To make that assumption, however, would be to ignore the soaring popularity – almost 25 years after her death – of the woman at the centre of the film: Princess Diana. When the first full-length trailer for Spencer was released in September, the excitement from young people across social media was palpable. Starring Kristen Stewart as the late princess, the forthcoming drama is set over a weekend in 1991, with Diana planning to end her marriage to Prince Charles.
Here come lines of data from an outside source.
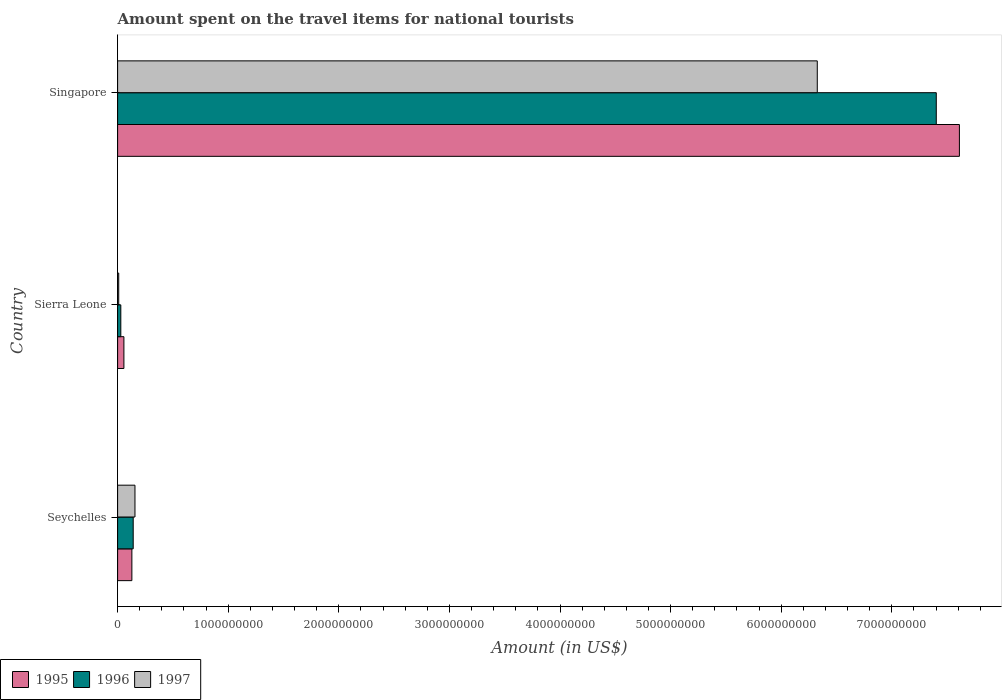How many groups of bars are there?
Offer a very short reply. 3. How many bars are there on the 2nd tick from the bottom?
Your answer should be very brief. 3. What is the label of the 1st group of bars from the top?
Give a very brief answer. Singapore. What is the amount spent on the travel items for national tourists in 1996 in Seychelles?
Your response must be concise. 1.41e+08. Across all countries, what is the maximum amount spent on the travel items for national tourists in 1997?
Provide a short and direct response. 6.33e+09. Across all countries, what is the minimum amount spent on the travel items for national tourists in 1996?
Give a very brief answer. 2.90e+07. In which country was the amount spent on the travel items for national tourists in 1996 maximum?
Keep it short and to the point. Singapore. In which country was the amount spent on the travel items for national tourists in 1997 minimum?
Give a very brief answer. Sierra Leone. What is the total amount spent on the travel items for national tourists in 1996 in the graph?
Provide a short and direct response. 7.57e+09. What is the difference between the amount spent on the travel items for national tourists in 1997 in Seychelles and that in Singapore?
Provide a short and direct response. -6.17e+09. What is the difference between the amount spent on the travel items for national tourists in 1996 in Sierra Leone and the amount spent on the travel items for national tourists in 1997 in Singapore?
Offer a very short reply. -6.30e+09. What is the average amount spent on the travel items for national tourists in 1996 per country?
Offer a terse response. 2.52e+09. What is the difference between the amount spent on the travel items for national tourists in 1997 and amount spent on the travel items for national tourists in 1996 in Seychelles?
Your response must be concise. 1.60e+07. In how many countries, is the amount spent on the travel items for national tourists in 1995 greater than 400000000 US$?
Offer a very short reply. 1. What is the ratio of the amount spent on the travel items for national tourists in 1997 in Sierra Leone to that in Singapore?
Give a very brief answer. 0. Is the amount spent on the travel items for national tourists in 1996 in Sierra Leone less than that in Singapore?
Ensure brevity in your answer.  Yes. What is the difference between the highest and the second highest amount spent on the travel items for national tourists in 1995?
Offer a terse response. 7.48e+09. What is the difference between the highest and the lowest amount spent on the travel items for national tourists in 1995?
Give a very brief answer. 7.55e+09. What does the 2nd bar from the top in Singapore represents?
Your answer should be compact. 1996. How many countries are there in the graph?
Provide a succinct answer. 3. What is the difference between two consecutive major ticks on the X-axis?
Provide a short and direct response. 1.00e+09. Does the graph contain any zero values?
Provide a succinct answer. No. Does the graph contain grids?
Provide a succinct answer. No. Where does the legend appear in the graph?
Ensure brevity in your answer.  Bottom left. How many legend labels are there?
Provide a short and direct response. 3. How are the legend labels stacked?
Provide a short and direct response. Horizontal. What is the title of the graph?
Provide a succinct answer. Amount spent on the travel items for national tourists. What is the Amount (in US$) of 1995 in Seychelles?
Provide a succinct answer. 1.29e+08. What is the Amount (in US$) of 1996 in Seychelles?
Your answer should be compact. 1.41e+08. What is the Amount (in US$) in 1997 in Seychelles?
Give a very brief answer. 1.57e+08. What is the Amount (in US$) of 1995 in Sierra Leone?
Ensure brevity in your answer.  5.70e+07. What is the Amount (in US$) in 1996 in Sierra Leone?
Give a very brief answer. 2.90e+07. What is the Amount (in US$) in 1995 in Singapore?
Keep it short and to the point. 7.61e+09. What is the Amount (in US$) of 1996 in Singapore?
Your response must be concise. 7.40e+09. What is the Amount (in US$) in 1997 in Singapore?
Your response must be concise. 6.33e+09. Across all countries, what is the maximum Amount (in US$) of 1995?
Keep it short and to the point. 7.61e+09. Across all countries, what is the maximum Amount (in US$) of 1996?
Ensure brevity in your answer.  7.40e+09. Across all countries, what is the maximum Amount (in US$) in 1997?
Your response must be concise. 6.33e+09. Across all countries, what is the minimum Amount (in US$) in 1995?
Your answer should be very brief. 5.70e+07. Across all countries, what is the minimum Amount (in US$) of 1996?
Offer a very short reply. 2.90e+07. What is the total Amount (in US$) in 1995 in the graph?
Make the answer very short. 7.80e+09. What is the total Amount (in US$) of 1996 in the graph?
Your answer should be compact. 7.57e+09. What is the total Amount (in US$) in 1997 in the graph?
Offer a very short reply. 6.49e+09. What is the difference between the Amount (in US$) of 1995 in Seychelles and that in Sierra Leone?
Give a very brief answer. 7.20e+07. What is the difference between the Amount (in US$) in 1996 in Seychelles and that in Sierra Leone?
Your answer should be compact. 1.12e+08. What is the difference between the Amount (in US$) of 1997 in Seychelles and that in Sierra Leone?
Your response must be concise. 1.47e+08. What is the difference between the Amount (in US$) of 1995 in Seychelles and that in Singapore?
Ensure brevity in your answer.  -7.48e+09. What is the difference between the Amount (in US$) in 1996 in Seychelles and that in Singapore?
Provide a succinct answer. -7.26e+09. What is the difference between the Amount (in US$) of 1997 in Seychelles and that in Singapore?
Provide a succinct answer. -6.17e+09. What is the difference between the Amount (in US$) of 1995 in Sierra Leone and that in Singapore?
Make the answer very short. -7.55e+09. What is the difference between the Amount (in US$) in 1996 in Sierra Leone and that in Singapore?
Give a very brief answer. -7.37e+09. What is the difference between the Amount (in US$) in 1997 in Sierra Leone and that in Singapore?
Offer a terse response. -6.32e+09. What is the difference between the Amount (in US$) of 1995 in Seychelles and the Amount (in US$) of 1997 in Sierra Leone?
Offer a terse response. 1.19e+08. What is the difference between the Amount (in US$) in 1996 in Seychelles and the Amount (in US$) in 1997 in Sierra Leone?
Make the answer very short. 1.31e+08. What is the difference between the Amount (in US$) in 1995 in Seychelles and the Amount (in US$) in 1996 in Singapore?
Keep it short and to the point. -7.27e+09. What is the difference between the Amount (in US$) in 1995 in Seychelles and the Amount (in US$) in 1997 in Singapore?
Your answer should be compact. -6.20e+09. What is the difference between the Amount (in US$) in 1996 in Seychelles and the Amount (in US$) in 1997 in Singapore?
Keep it short and to the point. -6.18e+09. What is the difference between the Amount (in US$) in 1995 in Sierra Leone and the Amount (in US$) in 1996 in Singapore?
Offer a terse response. -7.34e+09. What is the difference between the Amount (in US$) in 1995 in Sierra Leone and the Amount (in US$) in 1997 in Singapore?
Provide a short and direct response. -6.27e+09. What is the difference between the Amount (in US$) of 1996 in Sierra Leone and the Amount (in US$) of 1997 in Singapore?
Make the answer very short. -6.30e+09. What is the average Amount (in US$) in 1995 per country?
Your answer should be very brief. 2.60e+09. What is the average Amount (in US$) in 1996 per country?
Your answer should be compact. 2.52e+09. What is the average Amount (in US$) in 1997 per country?
Your response must be concise. 2.16e+09. What is the difference between the Amount (in US$) in 1995 and Amount (in US$) in 1996 in Seychelles?
Offer a terse response. -1.20e+07. What is the difference between the Amount (in US$) of 1995 and Amount (in US$) of 1997 in Seychelles?
Offer a very short reply. -2.80e+07. What is the difference between the Amount (in US$) in 1996 and Amount (in US$) in 1997 in Seychelles?
Provide a short and direct response. -1.60e+07. What is the difference between the Amount (in US$) of 1995 and Amount (in US$) of 1996 in Sierra Leone?
Your answer should be very brief. 2.80e+07. What is the difference between the Amount (in US$) in 1995 and Amount (in US$) in 1997 in Sierra Leone?
Offer a terse response. 4.70e+07. What is the difference between the Amount (in US$) in 1996 and Amount (in US$) in 1997 in Sierra Leone?
Make the answer very short. 1.90e+07. What is the difference between the Amount (in US$) in 1995 and Amount (in US$) in 1996 in Singapore?
Keep it short and to the point. 2.09e+08. What is the difference between the Amount (in US$) in 1995 and Amount (in US$) in 1997 in Singapore?
Make the answer very short. 1.28e+09. What is the difference between the Amount (in US$) of 1996 and Amount (in US$) of 1997 in Singapore?
Offer a terse response. 1.08e+09. What is the ratio of the Amount (in US$) in 1995 in Seychelles to that in Sierra Leone?
Give a very brief answer. 2.26. What is the ratio of the Amount (in US$) in 1996 in Seychelles to that in Sierra Leone?
Provide a succinct answer. 4.86. What is the ratio of the Amount (in US$) in 1995 in Seychelles to that in Singapore?
Your response must be concise. 0.02. What is the ratio of the Amount (in US$) in 1996 in Seychelles to that in Singapore?
Ensure brevity in your answer.  0.02. What is the ratio of the Amount (in US$) in 1997 in Seychelles to that in Singapore?
Provide a short and direct response. 0.02. What is the ratio of the Amount (in US$) in 1995 in Sierra Leone to that in Singapore?
Keep it short and to the point. 0.01. What is the ratio of the Amount (in US$) in 1996 in Sierra Leone to that in Singapore?
Your answer should be very brief. 0. What is the ratio of the Amount (in US$) of 1997 in Sierra Leone to that in Singapore?
Offer a terse response. 0. What is the difference between the highest and the second highest Amount (in US$) of 1995?
Your answer should be very brief. 7.48e+09. What is the difference between the highest and the second highest Amount (in US$) of 1996?
Offer a very short reply. 7.26e+09. What is the difference between the highest and the second highest Amount (in US$) in 1997?
Your answer should be very brief. 6.17e+09. What is the difference between the highest and the lowest Amount (in US$) of 1995?
Your answer should be very brief. 7.55e+09. What is the difference between the highest and the lowest Amount (in US$) of 1996?
Your answer should be compact. 7.37e+09. What is the difference between the highest and the lowest Amount (in US$) of 1997?
Ensure brevity in your answer.  6.32e+09.

Stewart has long been a teen favourite thanks to the Twilight movies, but anticipation over the movie stemmed just as much from the people’s princess as it did from her. Despite the majority of Gen-Z – defined loosely as those born from around 1997 to the early 2010s – not yet even having been conceived when Diana died in a Paris car crash in September 1997, the late royal is enjoying an explosion in popularity with young adults.

Myriad Facebook groups have been set up in her honour, with young people congregating to sing her praises, affectionately dub her “Ar Di” in the way a grandparent might refer to a family member and share a good helping of memes, too. The most prominent group is “Princess Diana – Keep Her Memory Alive (NO TROLLS ALLOWED)”, which has almost 45,000 members, most of them in on the joke. A trawl through the group will see posts of the sentimental variety – which we might associate with more traditional royalists – intertwined with the satirical and the absurd. There will be images of random celebrities – think Denise Welch or one-time X Factor contestant Eoghan Quigg – posted with the pretence of them depicting Diana herself, or baffling charity shop finds and forgotten attic treasures commemorating her marriage.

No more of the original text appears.